Der Niederlagen-Spezialist

Die Figuren des George F. Walker haben großes Talent, aus eigener Kraft zu scheitern. Demnächst werden seine Stücke überall laufen, Magdeburg bietet einen Vorgeschmack

Man wird noch von ihm hören: Die Saison geht, George F. Walker kommt

Sein Name ist Walker, George F. Walker. In der nächsten Saison wird sein ironischer Blick auf die amerikanische Gesellschaft noch oft zu erleben sein. Als Erstes wurde jetzt das Stück „Heaven“ in Magdeburg inszeniert. Und das geht so: Ein Fluch lastet auf dem Beruf der Straßencops. Sie richten immer das genaue Gegenteil von dem an, was sie eigentlich wollten: wecken Misstrauen, säen Zwietracht, provozieren Vorwürfe. Das Ende ist die gegenseitige Ausrottung im blutigen Showdown. Wer überlebt, trauert nicht um die Toten – es waren Heroinmädchen, korrupte Rechtsanwälte, unfähige Sozialarbeiterinnen. Walkers Kunst ist, sie finster-fröhlich in immer neuen Paarungen aufeinander treffen zu lassen.

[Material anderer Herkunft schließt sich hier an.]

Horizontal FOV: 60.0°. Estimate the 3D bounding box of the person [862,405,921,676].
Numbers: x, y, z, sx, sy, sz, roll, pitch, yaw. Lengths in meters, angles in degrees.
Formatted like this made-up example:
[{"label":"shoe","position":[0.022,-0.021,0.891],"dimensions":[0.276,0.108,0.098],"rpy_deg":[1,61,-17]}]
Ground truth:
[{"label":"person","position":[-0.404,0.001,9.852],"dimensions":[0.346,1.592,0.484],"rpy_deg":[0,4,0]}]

„Suburban Motel“ heißt eine Serie aus sechs Stücken, in denen ein Hotelzimmer der Umschlagplatz für eine Hand voll Gäste ist, die vor allem eines verbindet: das Talent, ganz allein aus eigener Kraft zu scheitern. Die drogensüchtige Denise, die ausgerechnet den Zimmerjungen Phillie einspannt, um ihre Tochter von der Fürsorge zurückzubekommen; die Gangster, die der Gewalt abschwören und nun selbst die Mafia am Hals haben.

In Kanada schätzt man dergleichen. Dort ist Walker der populärste englischsprachige Autor der vergangenen Jahre. Theoretisch lägen zwei dutzend Stücke zur deutschsprachigen Erstaufführung parat, und bei so viel Text kann man mit vollen Händen schöpfen. Für die nächste Saison sind Inszenierungen in Düsseldorf angekündigt, in Berlin wird es Walker geben, und glaubt man dem Verlag, sind Gespräche mit weiteren Häusern im vollen Gange. Der Anfang ist gemacht, ein Ende nicht in Sicht.

Einen Vorgeschmack bieten nun also die Freien Kammerspiele in Magdeburg. In der dortigen Inszenierung von „Heaven“ kommt neben dem Cop die zweite Lieblingsfigur des Autors vor: ein Rechtsanwalt. Menschenrechts-Spezialist Jimmy ist im Kampf gegen Rassisten und religiöse Fanatiker selbst ein Fanatiker geworden. Die Ehe mit seiner jüdischen Frau ist am Scheitern, und als er am Anfang des Stücks von einem Polizisten mit der Waffe bedroht wird, bricht akut die Lebenskrise aus. Zwischendurch hakelt er sich mit einem Rabbi, liest ein Drogenmädchen von der Straße auf – und dass sich am Ende alle einschließlich ihm selbst im Jenseits wiederbegegnen, ist das einfache Resultat unglücklicher Verstrickungen. Mit Vernunft kann man dem nicht beikommen.

Regisseur Matthias Brenner versucht es in Madgeburg trotzdem. Hinter dem bös-grotesken Verhalten der Figuren scheint er streckenweise ein tieferes psychologisches Muster zu vermuten und lässt die Figuren manchmal allzu larmoyant über die Welt räsonieren. Auf diese Weise wird das Schnelle, Spritzige immer wieder mit sozialrealistischen Einschüben ausgebremst. Gesangseinlagen und kleine Tanznummern kontrastieren mit Showdown-Szenen, denen Dirk Audehm als Polizist zu schöner Komik verhilft. Dafür ist der Schlussmonolog gestrichen. Darin schlägt Jimmy dem lieben Gott sehr ernsthaft vor, die Menschen dafür zu bezahlen, dass sie sich zu besseren Menschen bekehren lassen.

Die Marktbeziehung soll also richten, was polizeidienstliche oder geistliche Stellen nicht vermochten. Über die Fähigkeit des Geldes, die Welt zu neutralisieren, ist schon viel nachgedacht worden. Walker fügt dem reichen Anschauungsmaterial seinen bissigen Blick hinzu. Man wird noch von ihm hören. Die Saison geht, George F. Walker kommt.